I give Hisae my big anti-Christian speech as we drive towards Kyoto. Christianity is worse than what came before it (various animistic folk religions revolving around plantation, vegetation, incantation) and what came after it (pragmatic materialism). It's a religion which invests everything in the metaphysical instead of the physical. The thing about the metaphysical is that it's about what's absent rather than what's present. Of what's absent, we can only make assertions. Whereas what's present can be tested and tasted. Christianity is one of those religions that pulls back from life and forces people to make untestable assertions. If you disagree with my assertion about the ultimate values in life, and there's no way to settle the matter by testing what's tangible, we'll probably come to blows. That's why Christianity has engendered such violence.

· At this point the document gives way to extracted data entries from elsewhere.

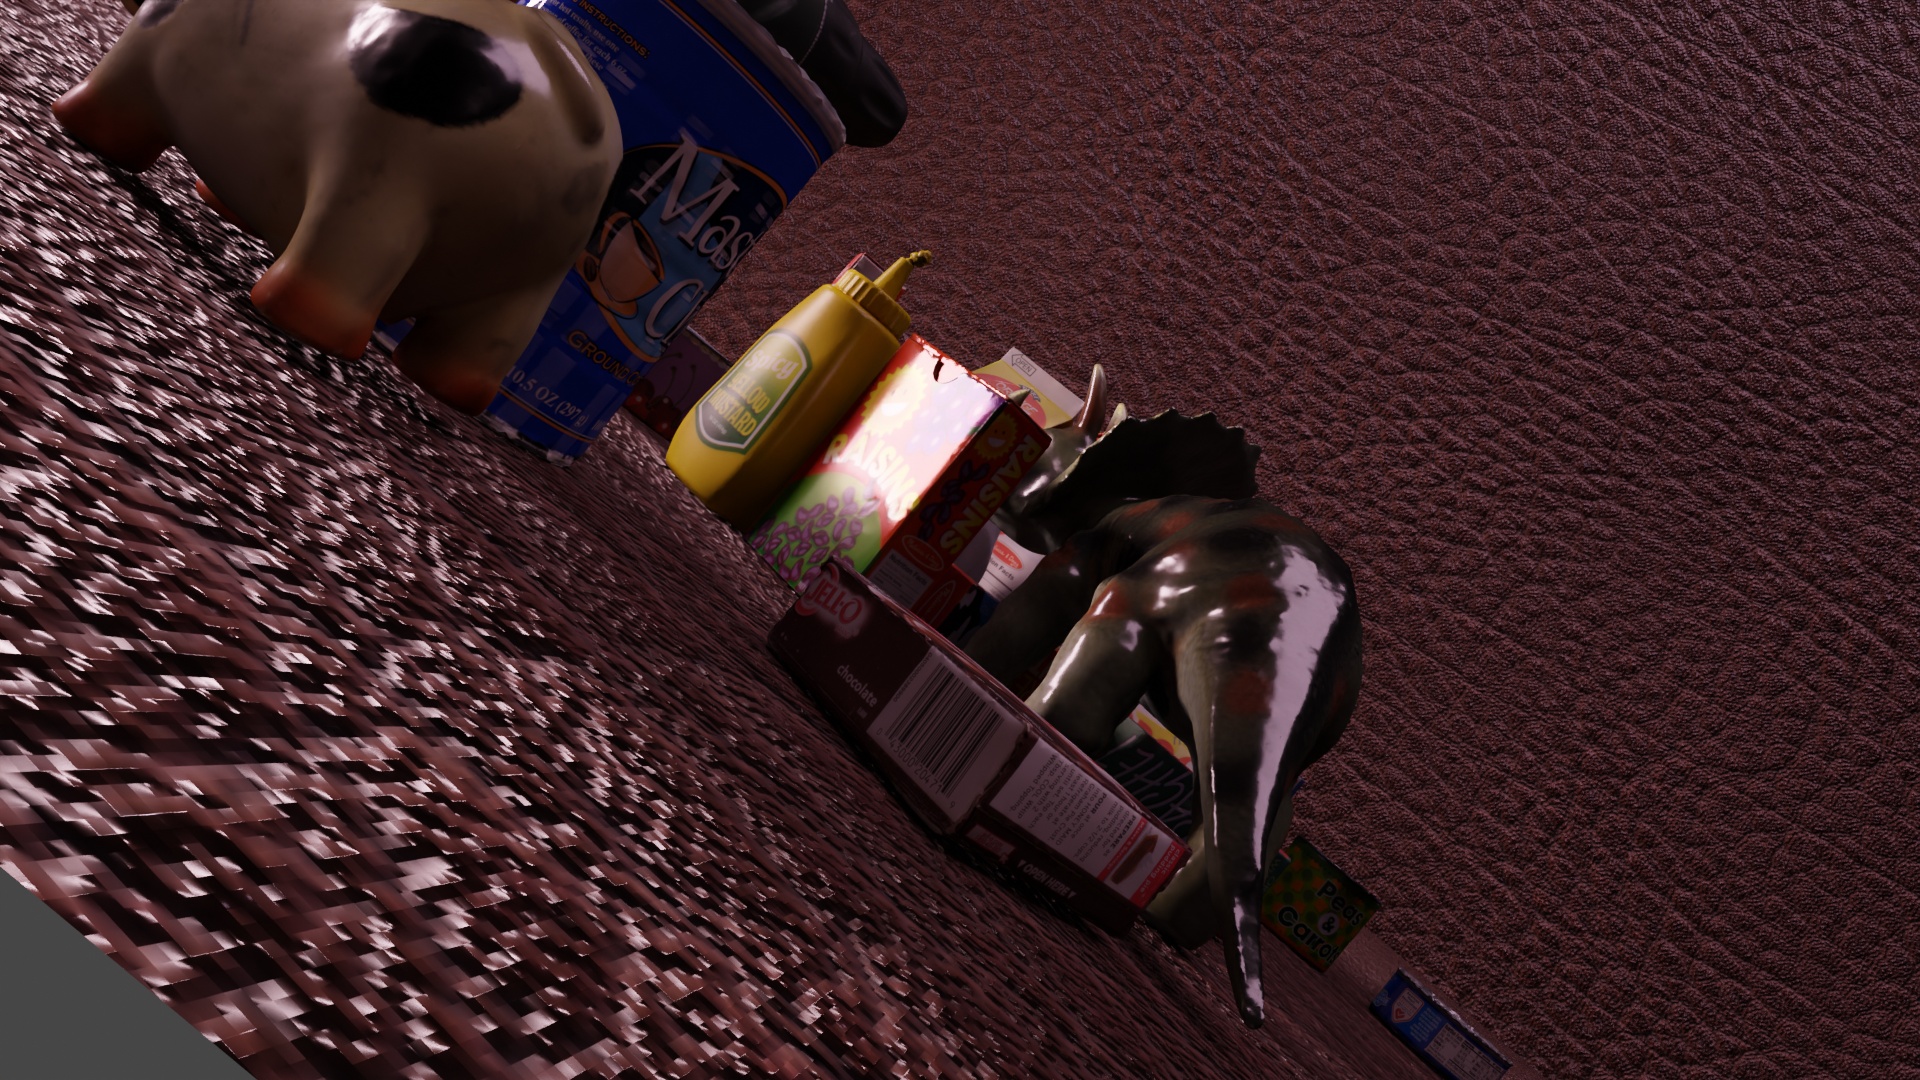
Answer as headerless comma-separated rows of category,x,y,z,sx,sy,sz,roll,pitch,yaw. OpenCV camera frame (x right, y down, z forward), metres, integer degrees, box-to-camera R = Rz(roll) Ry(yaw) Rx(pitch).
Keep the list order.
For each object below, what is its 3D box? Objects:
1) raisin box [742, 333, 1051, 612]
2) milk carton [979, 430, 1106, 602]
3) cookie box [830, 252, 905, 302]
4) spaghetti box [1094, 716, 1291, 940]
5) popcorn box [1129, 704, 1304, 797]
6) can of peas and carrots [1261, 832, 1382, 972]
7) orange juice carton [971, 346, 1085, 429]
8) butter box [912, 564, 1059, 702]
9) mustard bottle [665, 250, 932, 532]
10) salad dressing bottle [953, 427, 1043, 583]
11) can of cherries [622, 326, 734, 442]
raisin box,-0.030,-0.023,0.619,0.040,0.123,0.086,41,-1,-42
milk carton,0.055,0.005,0.921,0.073,0.190,0.072,39,-1,33
cookie box,-0.109,-0.117,0.942,0.040,0.167,0.123,40,-1,-10
spaghetti box,0.072,0.110,0.704,0.028,0.050,0.250,40,0,-32
popcorn box,0.126,0.132,0.826,0.127,0.085,0.038,40,-1,29
can of peas and carrots,0.223,0.230,0.880,0.071,0.059,0.071,40,0,0
orange juice carton,0.001,-0.042,0.964,0.072,0.192,0.073,40,-1,21
butter box,0.012,0.058,0.681,0.103,0.053,0.024,40,-1,-45
mustard bottle,-0.070,-0.080,0.661,0.065,0.160,0.048,39,-1,37
salad dressing bottle,0.003,-0.011,0.855,0.064,0.147,0.044,40,-1,-35
can of cherries,-0.170,-0.097,0.812,0.071,0.058,0.071,40,0,0
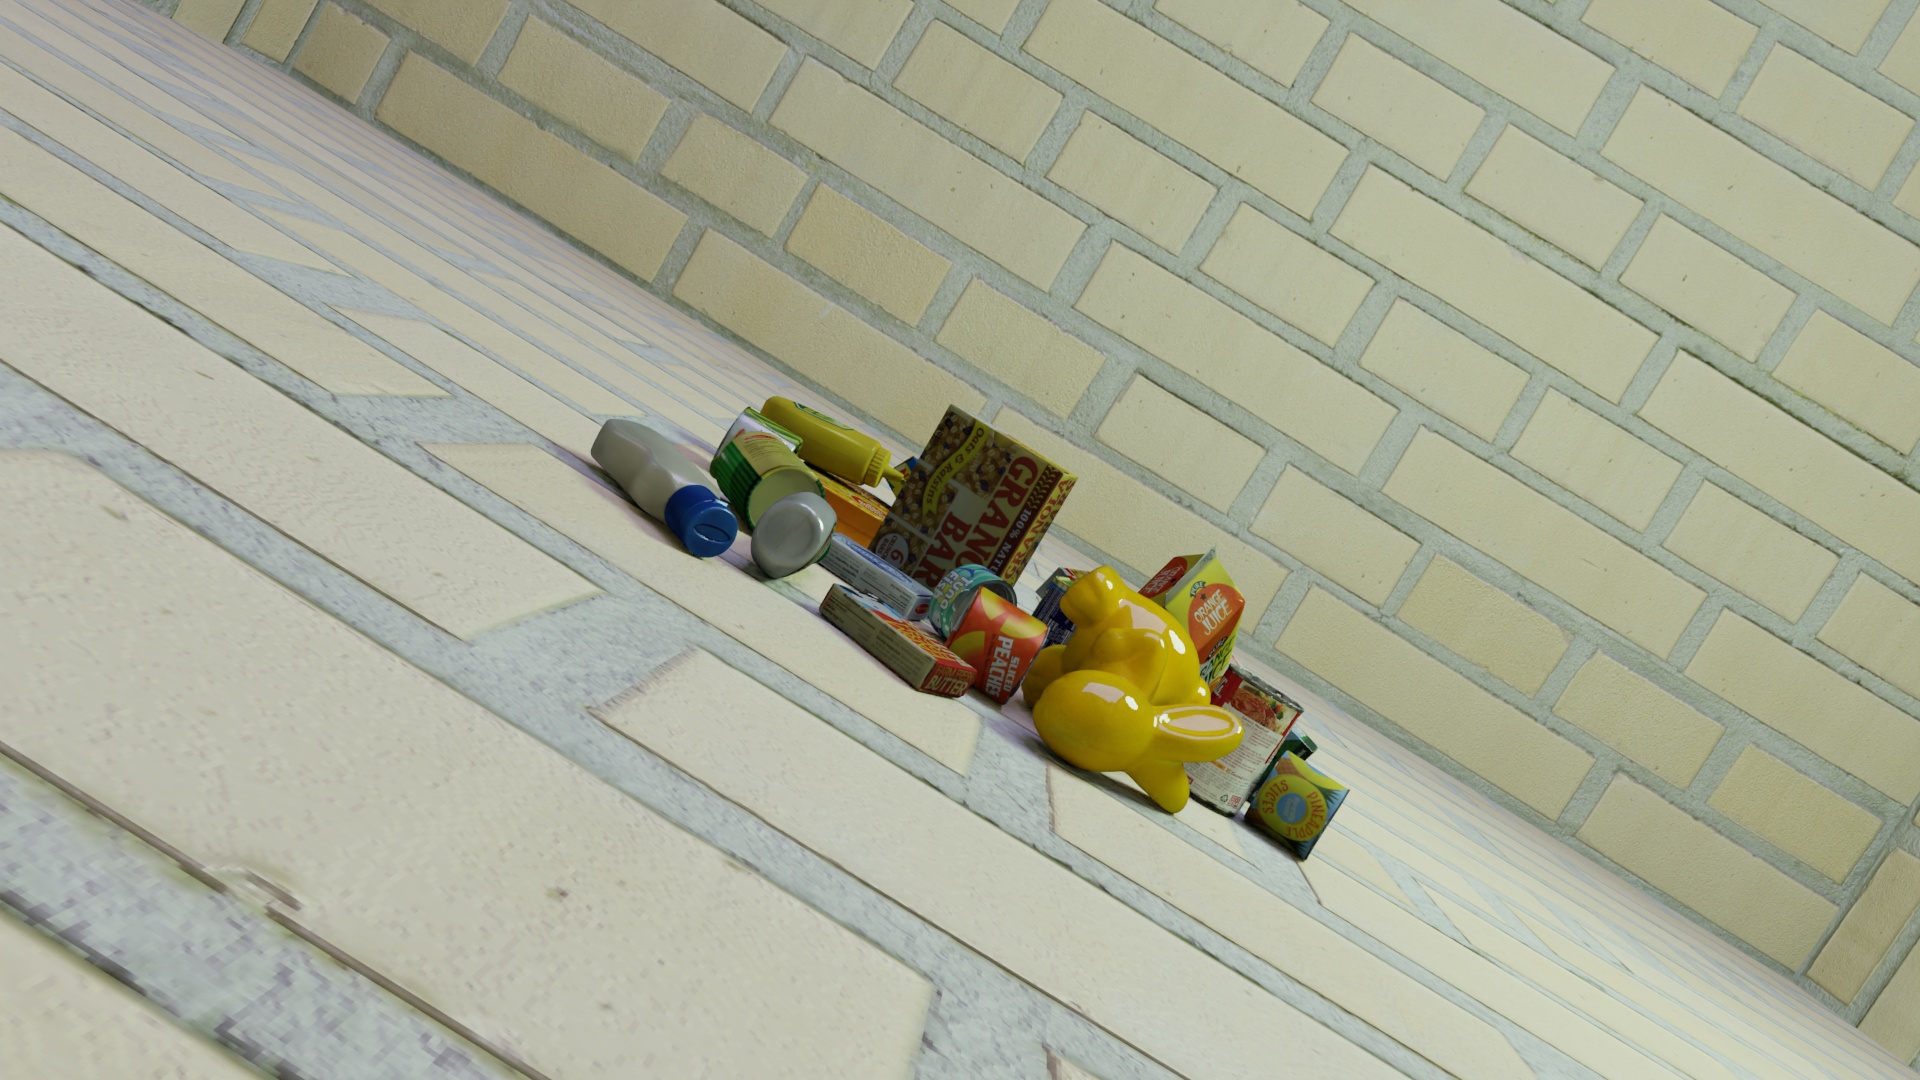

We got to Kyoto and the atmosphere lifted as we ascended little roads towards Ohara. There, in the gathering dusk, we climbed a temple path through the forest to the 'mute waterfall'. It wasn't mute; it made the rushing, crashing sound of all waterfalls. But Hisae explained that a Buddhist monk had come here to play music, and one day had noticed that the sound of the music and the sound of the waterfall had become one sound. Therefore, he said, there was no longer any separate waterfall sound. It was 'mute'. All was music. Now that's a religion for me!
We drove back into town, stopping to eat and watch the annual illumination by fire of the huge Chinese character on the mountain overlooking the town -- apparently the character just says 'BIG', which is what it is. (Tonight is the Daimonji Okuribi Festival, or Farewell Fire Festival; a shinto ritual designed to send the ancestral spirits back to the other world. Five fires, shaped as kanji characters and symbols, are set on five mountainsides. The fires burn from east to west in the shape of the characters, "dai" (large) , "myo", "ho", boat, and a torii gate.)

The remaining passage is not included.